They called Dr. M, and she decided to come right away. I was only a bit worried that I was not going to get my antibiotics in before delivery. If I got them in time I could go home 24 hours after delivery, but if I did not, I would have to stay TWO nights. I sleep badly everywhere but my own bed, so getting home ASAP was at the top of my list, besides having a healthy delivery and baby.

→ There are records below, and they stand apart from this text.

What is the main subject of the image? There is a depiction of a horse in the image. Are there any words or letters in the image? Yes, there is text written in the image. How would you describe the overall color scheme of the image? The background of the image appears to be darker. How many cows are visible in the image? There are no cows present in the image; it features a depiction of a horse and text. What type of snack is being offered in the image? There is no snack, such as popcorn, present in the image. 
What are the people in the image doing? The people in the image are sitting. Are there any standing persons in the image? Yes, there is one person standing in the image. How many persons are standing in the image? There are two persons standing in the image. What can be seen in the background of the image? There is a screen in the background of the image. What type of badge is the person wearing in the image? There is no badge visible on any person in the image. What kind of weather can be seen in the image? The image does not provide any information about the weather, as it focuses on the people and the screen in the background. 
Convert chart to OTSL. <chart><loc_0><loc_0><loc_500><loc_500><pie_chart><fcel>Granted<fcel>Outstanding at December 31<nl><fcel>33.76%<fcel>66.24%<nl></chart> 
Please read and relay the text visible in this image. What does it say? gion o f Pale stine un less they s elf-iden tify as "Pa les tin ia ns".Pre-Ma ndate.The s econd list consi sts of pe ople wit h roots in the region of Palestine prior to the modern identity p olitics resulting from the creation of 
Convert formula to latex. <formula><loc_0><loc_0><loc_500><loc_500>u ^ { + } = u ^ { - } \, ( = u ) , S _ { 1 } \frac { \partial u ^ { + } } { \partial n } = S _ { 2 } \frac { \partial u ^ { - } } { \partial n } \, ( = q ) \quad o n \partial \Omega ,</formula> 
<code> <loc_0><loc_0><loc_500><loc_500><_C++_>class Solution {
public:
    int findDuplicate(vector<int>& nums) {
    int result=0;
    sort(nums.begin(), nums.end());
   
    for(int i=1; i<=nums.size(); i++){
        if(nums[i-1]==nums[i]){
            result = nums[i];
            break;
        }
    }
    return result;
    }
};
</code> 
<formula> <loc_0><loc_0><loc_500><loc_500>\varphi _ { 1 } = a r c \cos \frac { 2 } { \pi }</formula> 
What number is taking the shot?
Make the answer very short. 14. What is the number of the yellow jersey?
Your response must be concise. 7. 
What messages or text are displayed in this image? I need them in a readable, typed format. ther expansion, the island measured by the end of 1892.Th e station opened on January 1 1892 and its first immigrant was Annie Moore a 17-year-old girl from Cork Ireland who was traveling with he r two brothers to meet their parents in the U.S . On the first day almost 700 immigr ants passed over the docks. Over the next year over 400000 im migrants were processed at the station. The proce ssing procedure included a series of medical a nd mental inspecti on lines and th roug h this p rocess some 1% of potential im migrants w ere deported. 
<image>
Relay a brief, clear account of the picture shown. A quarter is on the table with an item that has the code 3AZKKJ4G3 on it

They got the IV going around 2pm, and Dr. M showed up sometime around then. She then got me to do all sorts of things to get the baby's head to descend. I spent awhile kneeling on the bed over the birthing ball rocking my hips during contractions, and discovered that counter-pressure on my back relieved the pain of TRANSITION contractions almost entirely.
To make up for the ease of those contractions, she had me lay on my back during four contractions and stretched my bent leg across my belly so that I could not breathe. The point of these was to mimic a lunge to get the head DOWN.
Thankfully we switched back to the ball on the bed after that. We also tried a peanut shaped ball which also helped me relax on my side but open things up for the head to move downward. During this time (maybe between 2:30 and 3) I checked out at 9 cm.
So, there I was at 9 cm, water intact, baby's head still not engaged, and started to experience the urge to push. We hung out like that for awhile. I decided to get into an upright pushing position, but my pushes were ineffective. We made it past 3pm and my antibiotics were done. We made it to 3:15, and my water was still hanging out intact. I knew that if my water would break, I would be really pushing the baby out.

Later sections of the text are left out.